Nolan shut the door, but not letting its latch click, and
stood nearby. He didn’t like the feel of this. He kept the hand that was gripping the briefcase handle against the door behind him, to shove it open if necessary, and with his other hand got out his .38. “I’m fine,” Nolan said, “thanks. Now how about you stand up and open the coat. Slow.”

Charlie laughed and spread his hands. “When are you going to learn to trust people, Nolan? When?”

“Do it.”

Charlie shrugged and stood, unbuttoned the coat, and revealed a dark suit and tie identical to Werner’s.

“Conservative today, aren’t we?” Nolan said.

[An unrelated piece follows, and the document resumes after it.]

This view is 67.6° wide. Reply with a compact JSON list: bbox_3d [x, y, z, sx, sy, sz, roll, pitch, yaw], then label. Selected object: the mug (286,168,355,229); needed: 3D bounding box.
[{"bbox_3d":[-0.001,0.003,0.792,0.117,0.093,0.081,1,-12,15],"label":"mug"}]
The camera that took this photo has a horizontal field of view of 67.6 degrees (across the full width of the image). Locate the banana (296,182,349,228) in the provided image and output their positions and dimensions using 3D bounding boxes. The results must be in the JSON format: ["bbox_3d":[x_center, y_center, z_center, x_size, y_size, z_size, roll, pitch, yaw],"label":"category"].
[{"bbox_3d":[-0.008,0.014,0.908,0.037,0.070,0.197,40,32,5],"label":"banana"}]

“Business transactions,” Werner said, joining the conversation for the first time, “should be entered into seriously.”

Nolan didn’t really know what that was supposed to mean, but he let it pass.

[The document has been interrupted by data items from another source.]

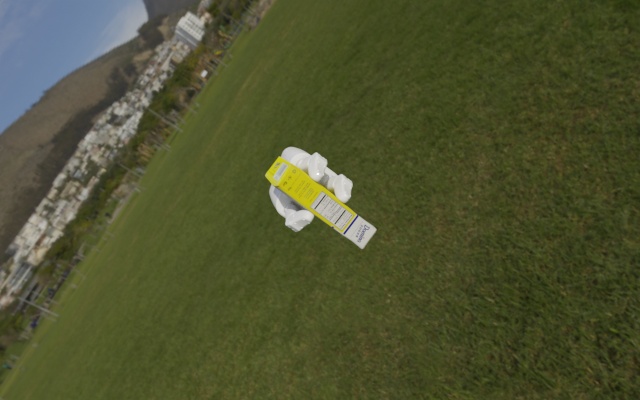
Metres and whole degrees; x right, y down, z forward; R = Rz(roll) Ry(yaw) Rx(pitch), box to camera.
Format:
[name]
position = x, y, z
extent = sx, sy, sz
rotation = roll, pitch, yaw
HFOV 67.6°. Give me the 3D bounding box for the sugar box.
[sugar box]
position = 0.000, 0.002, 0.755
extent = 0.176, 0.048, 0.093
rotation = 34, 2, -20
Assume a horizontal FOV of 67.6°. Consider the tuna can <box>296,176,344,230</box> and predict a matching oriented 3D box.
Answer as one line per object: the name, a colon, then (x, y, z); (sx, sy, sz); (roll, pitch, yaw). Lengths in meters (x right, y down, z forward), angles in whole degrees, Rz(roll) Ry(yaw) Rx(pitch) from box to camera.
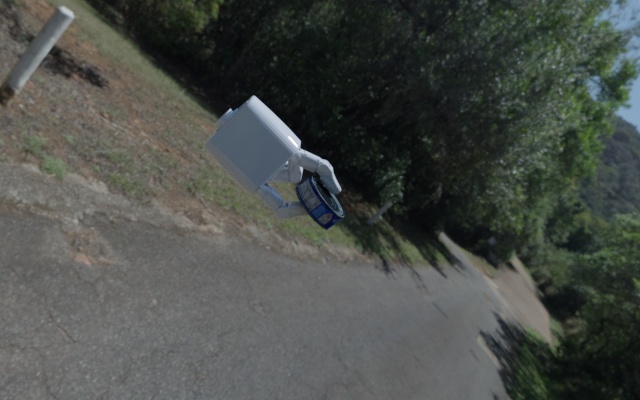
tuna can: (0.001, 0.002, 0.762); (0.034, 0.086, 0.086); (-37, -10, 14)
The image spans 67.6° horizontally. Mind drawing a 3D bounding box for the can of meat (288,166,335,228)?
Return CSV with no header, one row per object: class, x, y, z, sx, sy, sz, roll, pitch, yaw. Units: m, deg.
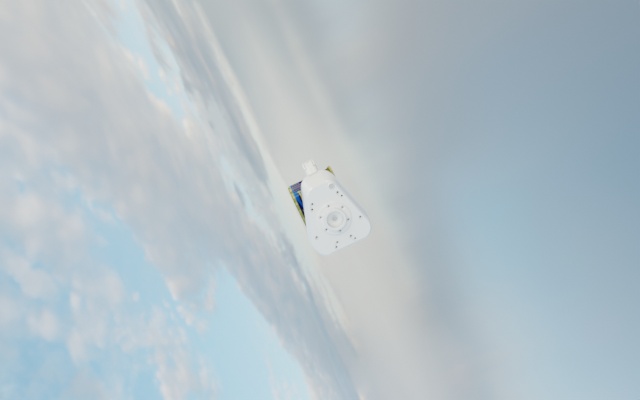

Charlie said, “You did well today, Nolan. Radio said a few hours ago you took in close to eight hundred thousand. Something of a record for around here.”

Werner said, “We thought maybe you’d forget your deal with Charlie and just settle down with your share of the take.”

“No,” Nolan said, motioning to Charlie that he could sit down again if he wanted, “it’s time Charlie and me got our differences out of the way.”

“Look, Nolan,” Werner said, “neither one of us has a gun. You can search us if you like. Why don’t you put that away?”

Nolan thought it over, said, “All right,” and stuck the .38 back in his belt. He walked over to Charlie, dropped the briefcase at his feet.

Charlie picked it up off the floor, set it on his lap and snapped it open. It was crammed with packets of money, each with a red band reading 500.

“Want me to wait while you count it?” Nolan asked.

Charlie said, “I trust you.”

Nolan said, “That’s it, then.”

“Don’t rush off.”

“You can count me out for coffee and bagels.”

“Still bitter, Nolan?”

“No. Just keep in mind that if you cross me and let the Earl Webb name leak, I’ll be back for you. And I won’t be after the hundred thousand.”

“Such strong talk for a man who just paid another to leave him alone.”

“I’ll be going.” Nolan began edging his way backward, toward the door.